El corazón de Cachi parece detenido en el tiempo, 100 o 200 años atrás. Porque las pocas manzanas que conforman su casco histórico se conservan intactas, con sus viejas casonas blanqueadas a la cal, sus rejas de aspecto colonial, sus calles angostas tapizadas de piedras y varias esquinas sin ochava. Allí está su capilla, San José de Cachi, construida a comienzos del siglo XVIII por la familia Aramburu, propietarios de la Hacienda de Cachi, finca que dio origen al pueblo y fue expropiada en 1949. La capilla tiene en su fachada una espadaña con tres campanas, que data de 1947, cuando se le devolvió el aspecto primigenio que le había quitado una remodelación neoclásica de 1890. Junto a ella está el museo arqueológico Pío Pablo Díaz, donde están recopilados cientos de piezas encontradas en los muchísimos sitios precolombinos que existen en los alrededores, como El Tero, Las Pailas y Puerta La Paya, que se pueden recorrer para observar algunos restos que muestran el alto grado de sofisticación que alcanzaron los diferentes grupos diaguitas.

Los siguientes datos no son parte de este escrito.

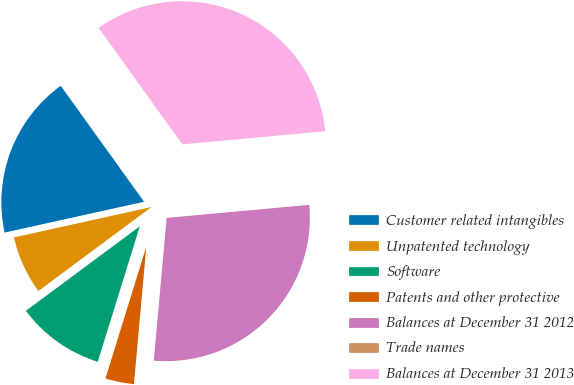<chart> <loc_0><loc_0><loc_500><loc_500><pie_chart><fcel>Customer related intangibles<fcel>Unpatented technology<fcel>Software<fcel>Patents and other protective<fcel>Balances at December 31 2012<fcel>Trade names<fcel>Balances at December 31 2013<nl><fcel>18.54%<fcel>6.7%<fcel>10.05%<fcel>3.36%<fcel>27.88%<fcel>0.01%<fcel>33.46%<nl></chart>

Los pequeñas parcelas de cultivo de Cachi Adentro.

Saliendo del pueblo, hacia el Oeste, con los 6380 metros del Nevado de Cachi como telón de fondo, el camino se interna por el valle de Cachi Adentro, increíblemente verde, emparchado por pequeñas parcelas en las que se cultivan, muchas veces sin más herramientas que una mula y un viejo arado, porotos, tomates, alfalfa, quínoa y pimientos rojos, entre otras verduras, hortalizas y legumbres. Los pimientos son los más llamativos, sobre todo luego de la cosecha, en abril y mayo, cuando se los pone a secar al sol.

Al final del valle, a 16 kilómetros del pueblo, está el paraje El Algarrobal, donde el río Cachi corre como un auténtico curso de montaña, incluso en plena sequía invernal. Allí hay parrillas y mesas para pasar un día familiar inolvidable al aire libre, y los más aventureros pueden caminar hasta el pie del Nevado, ya que aquí nace una de las vías para ascender a alguna de sus nueve cumbres.

Barricas de roble francés en la bodega Miraluna.

Nuevos terroirs

Además de los cultivos tradicionales, en Cachi Adentro han surgido algunas bodegas boutique, como Isasmendi, El Molino, Puna, Miraluna y Adentro, cuna de vinos de altura que están ganando un gran prestigio mundial. Miraluna tiene sus viñedos a 2600 metros sobre el nivel del mar, y entre ellos unas cabañas de adobe que son poco menos que fantásticas. Son el lugar ideal para perderse varios días, sumergirse en los aromas de un untuoso merlot y olvidarse de todo.